• _Available data_
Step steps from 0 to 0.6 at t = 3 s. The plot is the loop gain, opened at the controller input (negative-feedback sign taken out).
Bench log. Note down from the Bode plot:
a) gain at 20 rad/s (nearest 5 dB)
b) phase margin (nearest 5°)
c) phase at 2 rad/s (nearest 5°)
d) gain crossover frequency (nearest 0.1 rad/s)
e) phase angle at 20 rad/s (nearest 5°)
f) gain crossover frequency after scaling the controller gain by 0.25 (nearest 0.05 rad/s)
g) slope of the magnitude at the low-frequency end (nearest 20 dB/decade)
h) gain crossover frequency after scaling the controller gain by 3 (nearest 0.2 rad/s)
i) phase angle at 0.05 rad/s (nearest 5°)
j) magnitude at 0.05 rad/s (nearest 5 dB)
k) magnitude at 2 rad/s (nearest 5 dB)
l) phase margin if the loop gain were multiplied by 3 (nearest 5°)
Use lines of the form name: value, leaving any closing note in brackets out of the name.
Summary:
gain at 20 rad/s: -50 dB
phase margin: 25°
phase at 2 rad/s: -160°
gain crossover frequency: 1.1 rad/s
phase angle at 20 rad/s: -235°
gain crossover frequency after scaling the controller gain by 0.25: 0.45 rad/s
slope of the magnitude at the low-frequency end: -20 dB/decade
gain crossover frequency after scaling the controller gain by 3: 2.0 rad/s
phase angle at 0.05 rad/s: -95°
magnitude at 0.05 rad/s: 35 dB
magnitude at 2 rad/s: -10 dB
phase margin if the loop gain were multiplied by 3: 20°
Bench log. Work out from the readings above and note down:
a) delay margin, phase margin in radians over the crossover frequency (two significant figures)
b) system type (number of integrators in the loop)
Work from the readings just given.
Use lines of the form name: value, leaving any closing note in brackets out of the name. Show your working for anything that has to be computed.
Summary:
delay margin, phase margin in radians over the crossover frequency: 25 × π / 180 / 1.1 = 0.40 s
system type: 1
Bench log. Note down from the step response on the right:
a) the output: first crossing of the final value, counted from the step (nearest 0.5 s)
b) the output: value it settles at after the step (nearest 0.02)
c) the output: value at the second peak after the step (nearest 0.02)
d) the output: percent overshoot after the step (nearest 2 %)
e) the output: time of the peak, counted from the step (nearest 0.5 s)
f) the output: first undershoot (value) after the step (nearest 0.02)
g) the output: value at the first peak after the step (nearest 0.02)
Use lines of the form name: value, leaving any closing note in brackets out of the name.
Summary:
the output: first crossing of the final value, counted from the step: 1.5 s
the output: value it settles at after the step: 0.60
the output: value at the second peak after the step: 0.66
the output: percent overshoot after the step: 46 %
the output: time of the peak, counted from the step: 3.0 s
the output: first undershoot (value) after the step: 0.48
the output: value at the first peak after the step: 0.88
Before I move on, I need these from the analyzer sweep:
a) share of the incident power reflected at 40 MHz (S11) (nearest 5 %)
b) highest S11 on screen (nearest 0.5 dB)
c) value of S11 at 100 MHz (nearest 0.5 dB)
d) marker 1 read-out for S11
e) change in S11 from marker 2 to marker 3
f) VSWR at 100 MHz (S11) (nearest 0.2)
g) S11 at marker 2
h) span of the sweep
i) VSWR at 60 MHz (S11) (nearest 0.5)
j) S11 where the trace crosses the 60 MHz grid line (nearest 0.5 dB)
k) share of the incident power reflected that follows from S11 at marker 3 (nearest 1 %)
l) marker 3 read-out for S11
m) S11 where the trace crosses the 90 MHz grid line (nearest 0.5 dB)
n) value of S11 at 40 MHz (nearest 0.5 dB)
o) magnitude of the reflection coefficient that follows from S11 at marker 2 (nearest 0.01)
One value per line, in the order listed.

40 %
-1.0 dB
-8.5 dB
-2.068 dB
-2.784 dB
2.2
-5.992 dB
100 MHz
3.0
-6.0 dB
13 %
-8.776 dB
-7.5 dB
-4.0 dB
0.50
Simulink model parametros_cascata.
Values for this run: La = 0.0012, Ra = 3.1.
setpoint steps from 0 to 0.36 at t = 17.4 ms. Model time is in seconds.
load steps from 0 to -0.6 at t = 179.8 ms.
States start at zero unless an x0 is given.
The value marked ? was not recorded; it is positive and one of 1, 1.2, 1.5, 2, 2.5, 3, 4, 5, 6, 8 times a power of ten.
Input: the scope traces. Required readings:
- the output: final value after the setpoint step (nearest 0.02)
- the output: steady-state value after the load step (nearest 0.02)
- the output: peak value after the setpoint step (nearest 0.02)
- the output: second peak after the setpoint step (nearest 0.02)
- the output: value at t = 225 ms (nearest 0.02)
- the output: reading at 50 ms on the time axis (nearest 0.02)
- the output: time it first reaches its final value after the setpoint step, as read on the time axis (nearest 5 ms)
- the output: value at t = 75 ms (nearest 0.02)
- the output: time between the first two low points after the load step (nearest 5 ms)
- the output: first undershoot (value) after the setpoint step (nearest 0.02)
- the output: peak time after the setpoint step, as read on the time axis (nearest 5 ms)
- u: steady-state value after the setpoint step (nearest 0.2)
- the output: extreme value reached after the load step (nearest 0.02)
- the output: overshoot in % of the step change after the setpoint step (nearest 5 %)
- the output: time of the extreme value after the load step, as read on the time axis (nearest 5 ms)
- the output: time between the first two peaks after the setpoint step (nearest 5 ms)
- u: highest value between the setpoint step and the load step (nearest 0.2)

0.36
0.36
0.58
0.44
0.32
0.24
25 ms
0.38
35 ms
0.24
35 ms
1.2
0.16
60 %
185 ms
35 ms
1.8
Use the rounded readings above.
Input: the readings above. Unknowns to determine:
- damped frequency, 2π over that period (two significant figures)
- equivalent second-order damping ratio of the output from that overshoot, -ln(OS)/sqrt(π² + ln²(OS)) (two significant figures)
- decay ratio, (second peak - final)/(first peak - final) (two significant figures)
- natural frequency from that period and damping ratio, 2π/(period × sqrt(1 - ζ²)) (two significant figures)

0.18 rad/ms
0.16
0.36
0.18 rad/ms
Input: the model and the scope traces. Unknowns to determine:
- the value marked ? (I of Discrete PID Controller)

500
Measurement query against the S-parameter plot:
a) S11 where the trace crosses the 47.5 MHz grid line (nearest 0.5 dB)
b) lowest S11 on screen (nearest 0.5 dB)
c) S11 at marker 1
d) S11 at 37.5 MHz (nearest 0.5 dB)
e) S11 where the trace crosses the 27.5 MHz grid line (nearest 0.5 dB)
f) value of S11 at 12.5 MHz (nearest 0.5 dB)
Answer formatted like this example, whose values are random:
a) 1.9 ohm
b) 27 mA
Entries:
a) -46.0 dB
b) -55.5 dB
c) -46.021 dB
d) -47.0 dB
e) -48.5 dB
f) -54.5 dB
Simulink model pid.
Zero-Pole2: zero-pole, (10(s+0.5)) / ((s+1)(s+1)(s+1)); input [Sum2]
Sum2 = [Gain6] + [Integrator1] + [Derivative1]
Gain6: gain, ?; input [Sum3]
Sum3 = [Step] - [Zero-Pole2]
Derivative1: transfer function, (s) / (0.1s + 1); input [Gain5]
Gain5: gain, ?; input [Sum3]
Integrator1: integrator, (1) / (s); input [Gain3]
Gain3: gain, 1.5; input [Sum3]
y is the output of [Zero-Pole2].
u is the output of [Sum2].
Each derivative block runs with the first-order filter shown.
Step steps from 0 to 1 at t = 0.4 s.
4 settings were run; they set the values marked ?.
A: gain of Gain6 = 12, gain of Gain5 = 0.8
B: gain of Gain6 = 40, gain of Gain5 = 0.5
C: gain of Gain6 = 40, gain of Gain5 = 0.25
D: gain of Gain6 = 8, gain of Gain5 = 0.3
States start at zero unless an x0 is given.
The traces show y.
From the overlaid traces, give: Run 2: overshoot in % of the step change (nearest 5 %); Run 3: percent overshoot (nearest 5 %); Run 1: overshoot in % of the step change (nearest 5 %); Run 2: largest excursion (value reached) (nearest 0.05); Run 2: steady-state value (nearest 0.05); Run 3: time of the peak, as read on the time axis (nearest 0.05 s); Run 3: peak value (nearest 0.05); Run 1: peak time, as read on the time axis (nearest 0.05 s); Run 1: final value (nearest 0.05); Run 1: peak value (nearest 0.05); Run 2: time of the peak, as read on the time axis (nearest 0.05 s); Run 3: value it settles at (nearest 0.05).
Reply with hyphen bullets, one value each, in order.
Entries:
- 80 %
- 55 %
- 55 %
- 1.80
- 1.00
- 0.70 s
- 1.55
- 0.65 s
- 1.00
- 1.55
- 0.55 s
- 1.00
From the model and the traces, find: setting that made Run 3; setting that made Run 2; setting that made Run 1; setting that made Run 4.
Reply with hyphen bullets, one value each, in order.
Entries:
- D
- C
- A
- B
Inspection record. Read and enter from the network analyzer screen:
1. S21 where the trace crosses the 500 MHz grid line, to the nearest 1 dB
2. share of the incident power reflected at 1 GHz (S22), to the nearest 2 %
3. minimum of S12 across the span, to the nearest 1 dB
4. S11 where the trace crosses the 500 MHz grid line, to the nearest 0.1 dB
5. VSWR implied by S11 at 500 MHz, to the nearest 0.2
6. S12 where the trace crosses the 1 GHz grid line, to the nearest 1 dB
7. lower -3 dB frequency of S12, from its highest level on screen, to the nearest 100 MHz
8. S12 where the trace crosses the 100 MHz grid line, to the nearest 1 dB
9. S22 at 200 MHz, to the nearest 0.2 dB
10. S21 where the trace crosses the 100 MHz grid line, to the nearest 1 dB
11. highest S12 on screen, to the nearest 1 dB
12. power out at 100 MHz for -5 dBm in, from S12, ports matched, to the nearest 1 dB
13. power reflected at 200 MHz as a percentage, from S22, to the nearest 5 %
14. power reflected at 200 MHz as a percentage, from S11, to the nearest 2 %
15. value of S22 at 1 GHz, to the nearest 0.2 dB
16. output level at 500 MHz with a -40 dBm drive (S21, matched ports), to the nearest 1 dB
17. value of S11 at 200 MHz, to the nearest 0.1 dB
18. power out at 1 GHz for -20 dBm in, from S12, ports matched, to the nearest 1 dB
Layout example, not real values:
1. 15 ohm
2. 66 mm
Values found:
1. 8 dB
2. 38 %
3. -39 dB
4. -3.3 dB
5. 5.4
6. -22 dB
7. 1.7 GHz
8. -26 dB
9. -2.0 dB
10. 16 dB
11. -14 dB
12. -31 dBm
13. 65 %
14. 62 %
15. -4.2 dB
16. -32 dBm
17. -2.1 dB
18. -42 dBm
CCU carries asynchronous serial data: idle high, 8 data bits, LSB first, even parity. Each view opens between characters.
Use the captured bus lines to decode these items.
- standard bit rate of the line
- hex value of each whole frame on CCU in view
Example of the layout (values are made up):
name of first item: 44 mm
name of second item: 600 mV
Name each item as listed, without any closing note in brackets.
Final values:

• _The task_
Return the span of lines in the data above that opens at the line with "- the output: first" and closes at the line with "- the output: extreme", exactly, ends included, nothing else.

• _Output for this exercise_
- the output: first undershoot (value) after the setpoint step (nearest 0.02)
- the output: peak time after the setpoint step, as read on the time axis (nearest 5 ms)
- u: steady-state value after the setpoint step (nearest 0.2)
- the output: extreme value reached after the load step (nearest 0.02)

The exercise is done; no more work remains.